The programming language you use can have a significant impact on performance. In our case, we initially implemented GLiNER using Python due to its ease of use and rich ecosystem of data science libraries. However, due to its interpreted nature, Python can be slower for compute-intensive tasks. By transitioning to Java, a language known for its performance and efficiency, we were able to unlock additional speed improvements. The switch to Java optimized GLiNER's processing capabilities, making it more responsive and appropriate for handling large-scale data within the DataWalk ecosystem.
GPUs (Graphics Processing Units) are well-suited for the parallel processing demands of neural networks like GLiNER. As shown in Figure 2 above, by offloading compute-intensive tasks from the CPU to the GPU, we significantly enhanced GLiNER's processing speed. This acceleration is especially beneficial for large-scale entity extraction tasks, where the volume of data and complexity of computations can be vast. With GPU acceleration, GLiNER can process more data in less time, delivering insights faster and more efficiently than ever before.
GLiNER represents just one of the many advanced neural network subsystems within the DataWalk platform.

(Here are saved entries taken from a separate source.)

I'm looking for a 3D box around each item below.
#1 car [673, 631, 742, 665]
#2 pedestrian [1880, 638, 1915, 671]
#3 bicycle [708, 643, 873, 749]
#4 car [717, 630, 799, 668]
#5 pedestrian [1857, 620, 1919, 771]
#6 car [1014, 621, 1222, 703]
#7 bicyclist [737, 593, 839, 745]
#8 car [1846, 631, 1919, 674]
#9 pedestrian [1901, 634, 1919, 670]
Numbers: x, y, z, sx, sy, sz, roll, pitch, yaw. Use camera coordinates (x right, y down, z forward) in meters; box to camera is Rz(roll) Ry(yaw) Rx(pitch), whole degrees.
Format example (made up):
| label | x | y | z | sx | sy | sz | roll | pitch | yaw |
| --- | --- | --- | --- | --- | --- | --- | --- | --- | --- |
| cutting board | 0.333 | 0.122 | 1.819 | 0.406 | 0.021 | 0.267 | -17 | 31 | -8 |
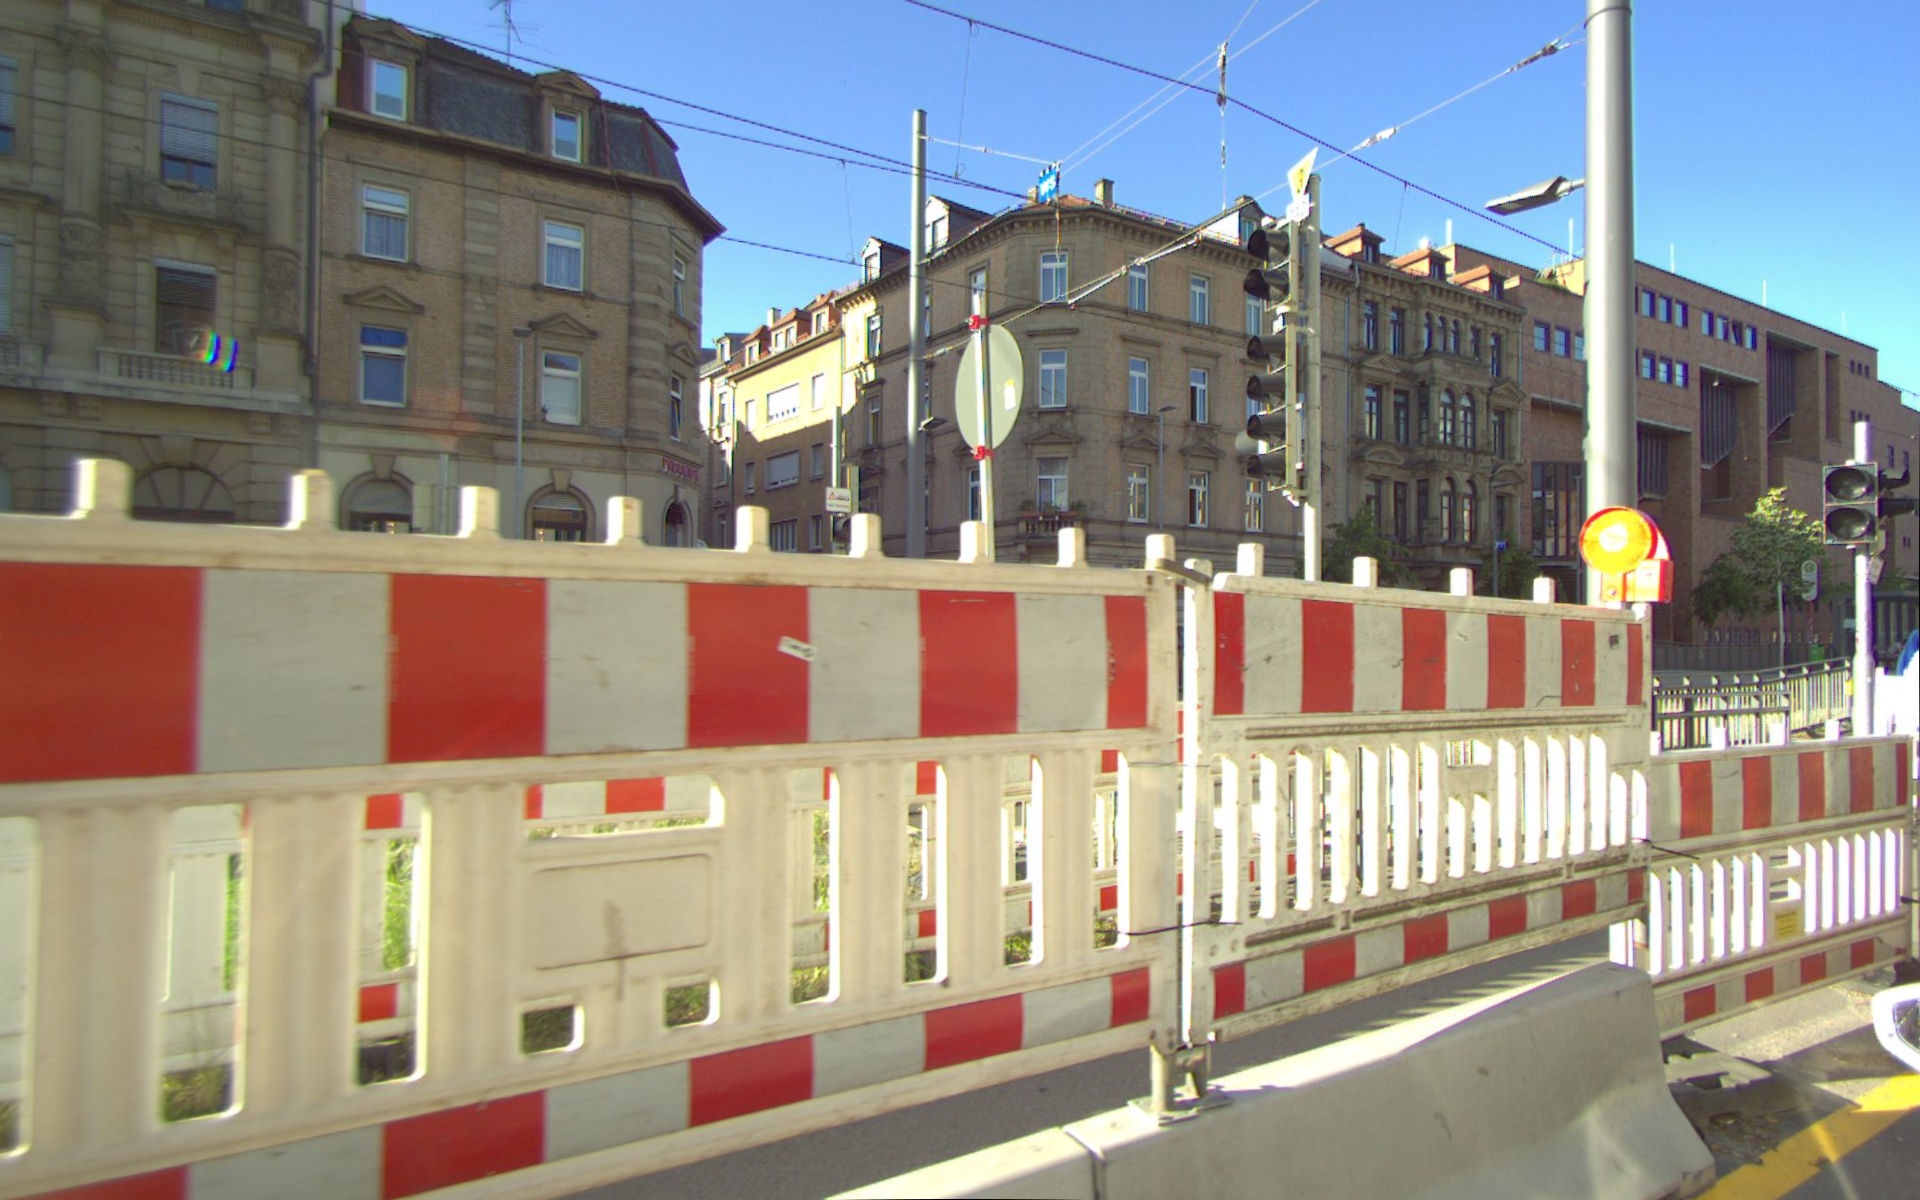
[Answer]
| label | x | y | z | sx | sy | sz | roll | pitch | yaw |
| --- | --- | --- | --- | --- | --- | --- | --- | --- | --- |
| car | -11.926 | 2.228 | 47.251 | 1.723 | 1.539 | 3.750 | 2 | -2 | -39 |
| pedestrian | 34.200 | 1.998 | 36.635 | 0.713 | 1.183 | 0.718 | 1 | -4 | -30 |
| bicycle | -2.118 | 1.144 | 12.470 | 1.964 | 1.169 | 0.854 | 0 | -2 | 34 |
| car | -8.751 | 2.065 | 43.277 | 1.812 | 1.539 | 3.955 | 2 | -2 | -39 |
| pedestrian | 9.751 | 0.949 | 10.151 | 0.936 | 1.477 | 0.785 | 2 | -2 | -32 |
| car | 3.522 | 1.332 | 22.179 | 4.423 | 1.661 | 1.788 | 2 | -2 | -30 |
| bicyclist | -2.130 | 0.829 | 12.478 | 0.870 | 1.797 | 0.854 | 0 | -2 | 34 |
| car | 42.837 | 2.404 | 46.253 | 4.535 | 1.905 | 1.982 | 2 | -2 | -33 |
| pedestrian | 35.913 | 1.966 | 37.702 | 0.713 | 1.326 | 0.643 | 1 | -4 | -30 |

We've integrated various neural networks and advanced techniques to tackle diverse tasks, from address processing to phone analysis and embedding creation. These neural networks operate seamlessly within DataWalk, delivering targeted solutions that enhance data processing and analysis capabilities.
The integration of GLiNER into DataWalk represents a transformative step in entity extraction and analysis. By enabling the extraction of entities from 7.5 million report narratives in just 3 hours, with immediate access to results in the DataWalk Knowledge Graph, this solution dramatically reduces delays from months to hours. This speed and efficiency allow teams to iterate quickly, correct errors, and maintain the highest data security and accuracy levels.
DataWalk’s innovative architecture—bringing computation close to the data—has been pivotal in achieving these results. Transferring GLiNER from external computation to direct processing within the DataWalk database maximized performance improvements. Further enhancements, such as shifting from Python to Java and utilizing GPU acceleration, enabled GLiNER to handle large-scale entity extraction while ensuring scalability and reliability efficiently.
More than just a fast and secure solution, DataWalk’s architecture exemplifies versatility. From transforming unstructured text into actionable intelligence with GLiNER to applying specialized neural networks for tasks like phone and address analysis, the platform equips organizations with the tools to address complex challenges. This capability empowers users to unlock the full potential of their data and make informed, impactful decisions.
By combining cutting-edge technology, speed, and adaptability, DataWalk ensures that organizations can confidently navigate their analytical needs and achieve meaningful, efficient results.